Still wrong madvise(MADV_DONTNEED) semantic

From: Samuel Thibault
Date: Fri Mar 24 2006 - 18:06:35 EST


Hi,

Since its very beginning, the implementation of madvise(MADV_DONTNEED)
has been a mere zapping of pages. This is wrong. It was already
discussed on this very list some time ago:
http://marc.theaimsgroup.com/?t=111996860600002&r=1&w=2&n=13

« There is something wrong with the current madvise(MADV_DONTNEED)
implementation.

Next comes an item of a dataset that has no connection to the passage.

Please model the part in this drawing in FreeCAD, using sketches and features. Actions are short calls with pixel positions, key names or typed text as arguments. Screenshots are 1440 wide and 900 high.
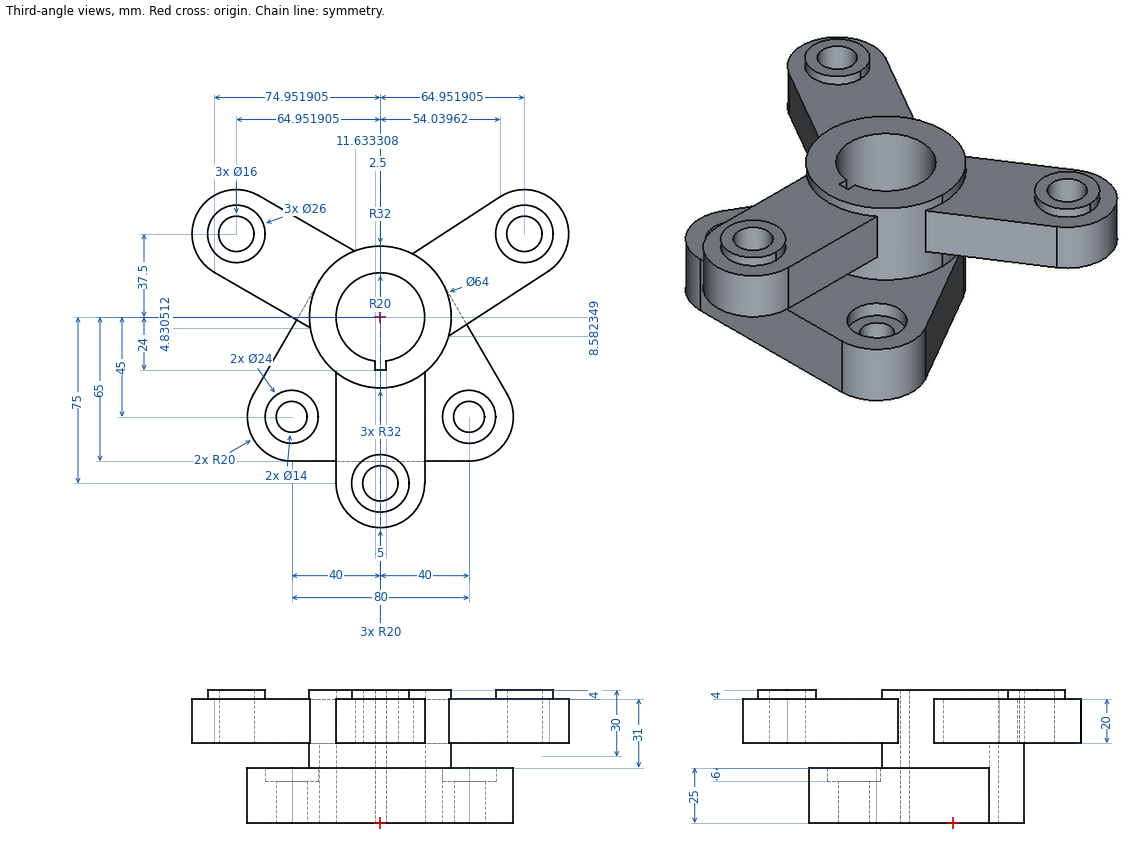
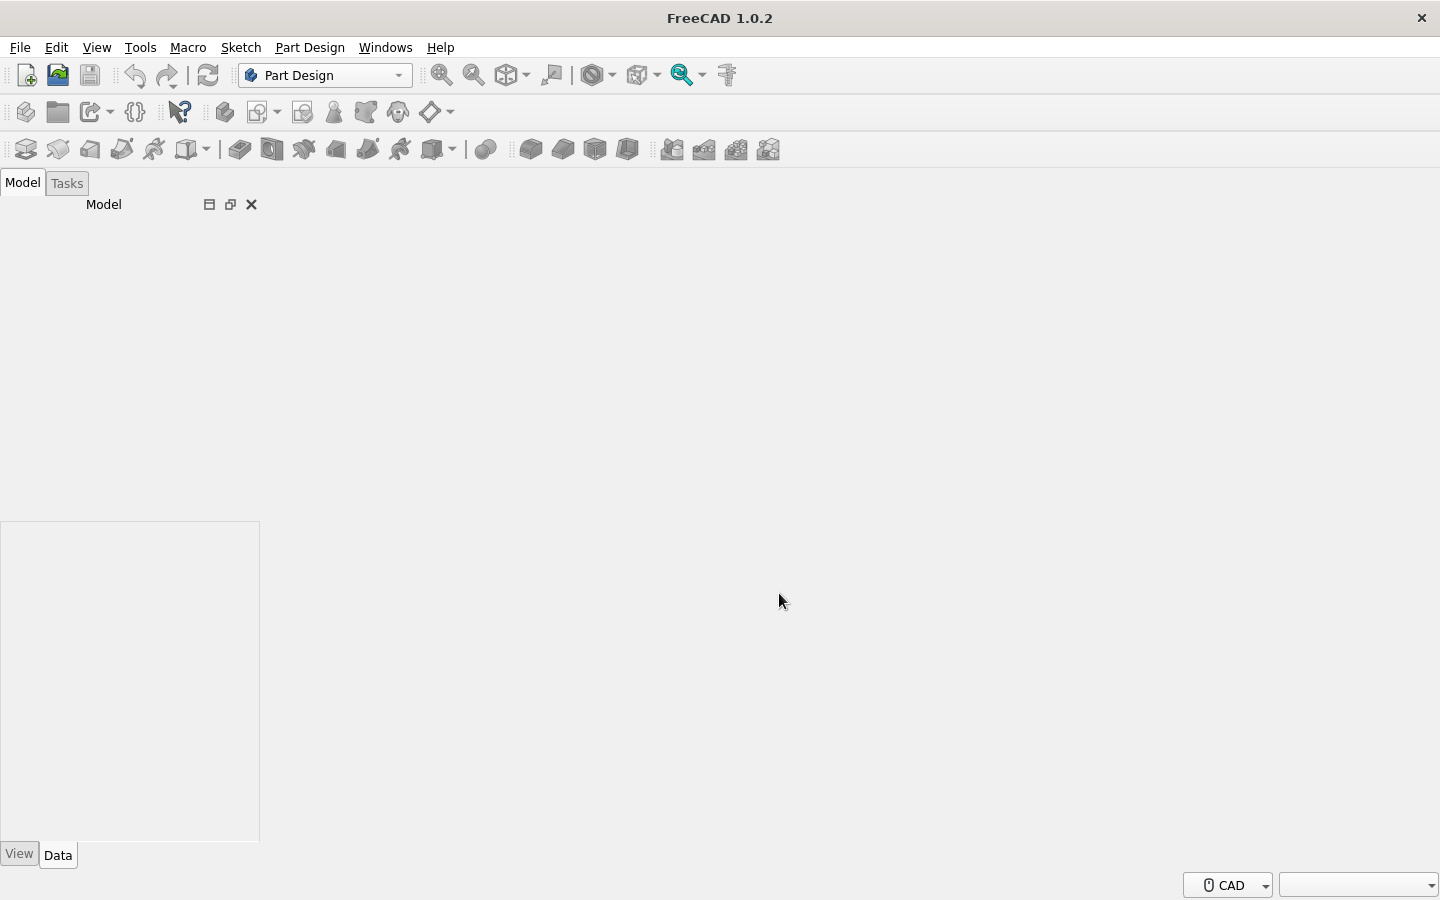
click(26, 76)
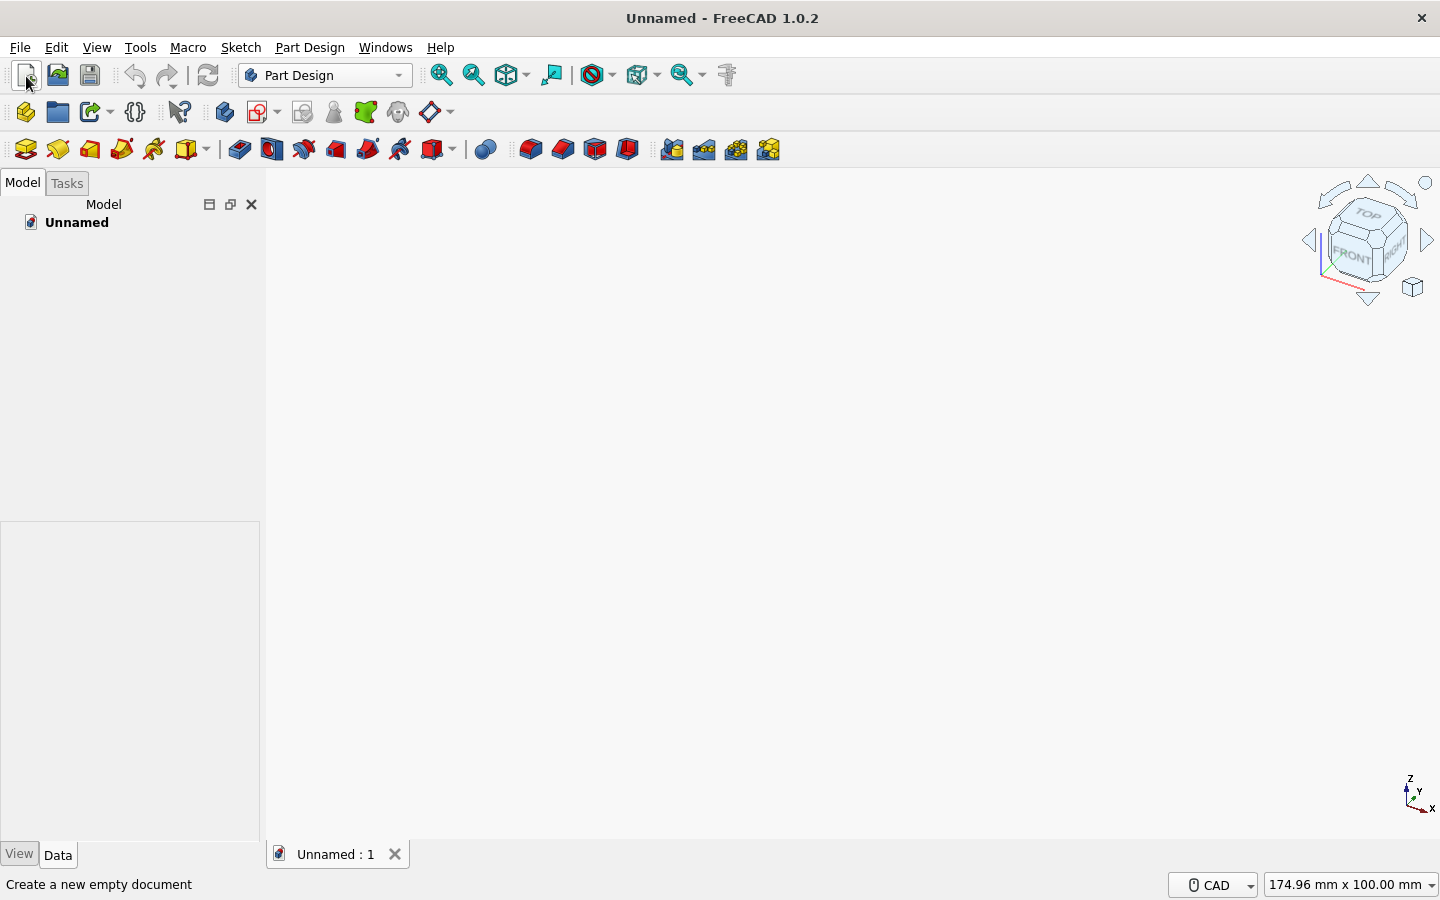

Both the manpage and the source code says that
MADV_DONTNEED means that the application does not care about the data,
so it might be thrown away by the kernel. But that's not what posix
says:

http://www.opengroup.org/onlinepubs/009695399/functions/posix_madvise.html

It says that "The posix_madvise() function shall have no effect on the
semantics of access to memory in the specified range". I.e. the data
that was recorded shall be saved! »

The attached testcase was written during the discussion for clearly
showing the problem: whenever using madvise(DONT_NEED), data is not
preserved. This can be very problematic for applications that rely on
the posix behavior...

MADV_DONTNEED should really get fixed into a performance-only semantic:
for instance, just go through the range for zapping clean pages, and set
dirty pages as least recently used, so that they will be considered as
good candidates for eviction.

Regards,
Samuel
#include <stdio.h>
#include <stdlib.h>
#include <stdarg.h>
#include <string.h>
#include <errno.h>

#include <signal.h>
#include <unistd.h>
#include <sys/mman.h>
#include <fcntl.h>
#include <sys/stat.h>

typedef unsigned int u32;

void die(char *fmt, ...)
{
va_list ap;

va_start(ap, fmt);
vfprintf(stderr, fmt, ap);
va_end(ap);
exit(1);
}

int check_cookie(char *file, u32 cookie)
{
u32 buf;
int fd;

if((fd = open(file, O_RDONLY, 0)) == -1)
die("%s: %s\n", file, strerror(errno));
if(read(fd, &buf, sizeof(buf)) == -1)
die("read: %s\n", strerror(errno));
close(fd);
return buf == cookie;
}

int dotest(char *file, u32 cookie, int do_anonymous, int do_msync, int do_madvise)
{
void *p;
int fd, len = 16 * 1024, prot = PROT_READ|PROT_WRITE;
u32 newcookie;

if (!do_anonymous) {
if((fd = open(file, O_RDWR|O_CREAT, 0666)) == -1)
die("%s: %s\n", file, strerror(errno));

if(ftruncate(fd, len) == -1)
die("ftruncate: %s\n", strerror(errno));
if(write(fd, "", 1) == -1)
die("write: %s\n", strerror(errno));
}

if((p = mmap(0, len, prot, (do_anonymous ? MAP_ANONYMOUS : 0) | MAP_PRIVATE, do_anonymous ? -1 : fd, 0)) == MAP_FAILED)
die("mmap: %s\n", strerror(errno));

*(u32 *)p = cookie;

if(do_msync)
if(msync(p, len, MS_SYNC) == -1)
die("msync: %s\n", strerror(errno));
if(do_madvise)
if(madvise(p, len, MADV_DONTNEED) == -1)
die("madvise: %s\n", strerror(errno));

newcookie = *(u32 *)p;

printf("c = %08x %9s msync: %s madvise: %s %s\n",
cookie, do_anonymous?"anonymous":"file",
do_msync ? "YES" : " NO", do_madvise ? "YES" : " NO",
newcookie == cookie ? "ok" : "FAILED");
return 0;
}

int main(int argc, char **argv)
{
if(argc != 2) die("usage: %s file\n", argv[0]);

lrand48();
dotest(argv[1], lrand48(), 0, 0, 0);
dotest(argv[1], lrand48(), 0, 1, 0);
dotest(argv[1], lrand48(), 0, 0, 1);
dotest(argv[1], lrand48(), 0, 1, 1);
dotest(argv[1], lrand48(), 1, 0, 0);
dotest(argv[1], lrand48(), 1, 1, 0);
dotest(argv[1], lrand48(), 1, 0, 1);
dotest(argv[1], lrand48(), 1, 1, 1);
}